Automatically ranking documents is one of the key problems which has been, and is still being tackled in Information Retrieval. The ultimate goal of any IR system is to retrieve and rank documents relevant to a users query.
Putting retrieval to one side, we wish to fairly rank documents over a collection without biasing our results based upon the attributes of a given document. Thus we have devised and developed extensively, many mechanisms for rewarding and penalising document ranks based upon their attributes.
One such attribute we have to normalise documents on is their length, which gives obvious advantages to longer documents over shorter ones. Singhal et al., in their 1996 paper Pivoted Document Length Normalization, give a very nice, concise definition of length normalisation:
"Automatic information retrieval systems have to deal with documents of varying lengths in a text collection. Document length normalization is used to fairly retrieve documents of all lengths."

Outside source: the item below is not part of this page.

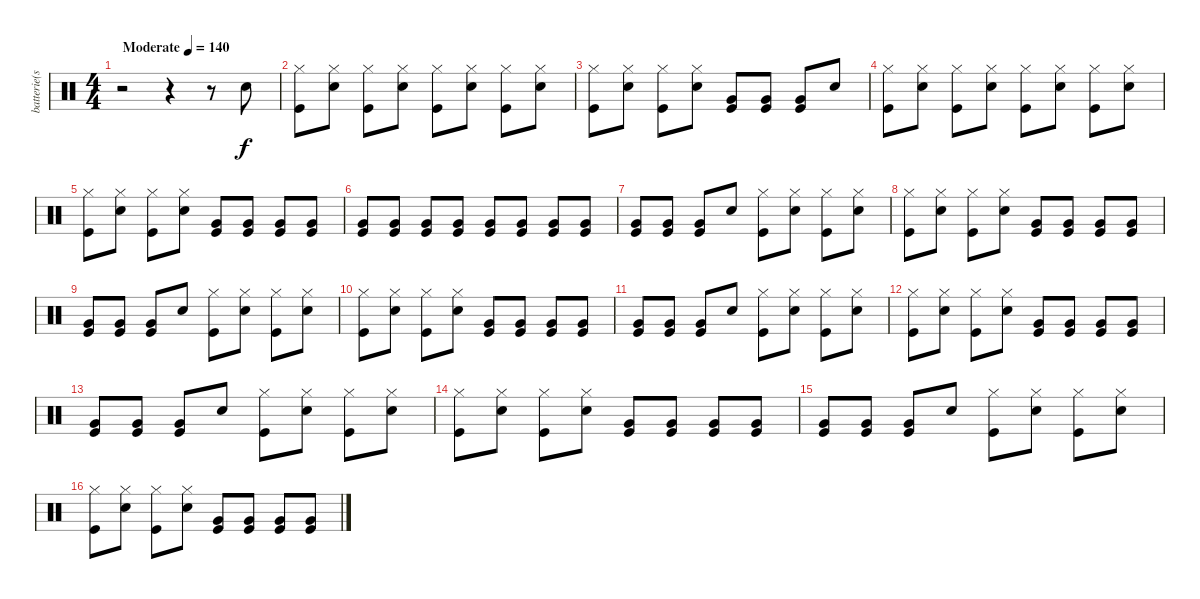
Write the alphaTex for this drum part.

Let us consider a system which ranks documents that have been retrieved, but does not take into account the length of these documents. We encounter two major flaws in this system's rankings:
1. Term frequencies: in higher length documents, terms will occur more frequently (a document about cars that is three pages long is likely to have more occurrences of the word car than a document of three paragraphs which is also about cars). This will lead to documents of higher length being ranked above those of lower length, even if they are not as relevant.
2. Term appearances: longer documents contain more noise, that is they are more likely to contain other terms due to their length rather than their contribution to what the document is about. This leads to higher length documents matching a larger set of queries, and being ranked high where they may not be relevant.
Fixing through normalisation
We need to be able to counter these two problems. We do this through normalising the length of documents when we rank them. This causes us to (1) give a more balanced rating based upon the number of length normalised times a term appears in a document, and (2) cut out the noise elements from a document that are not likely to reflect upon it's actual content.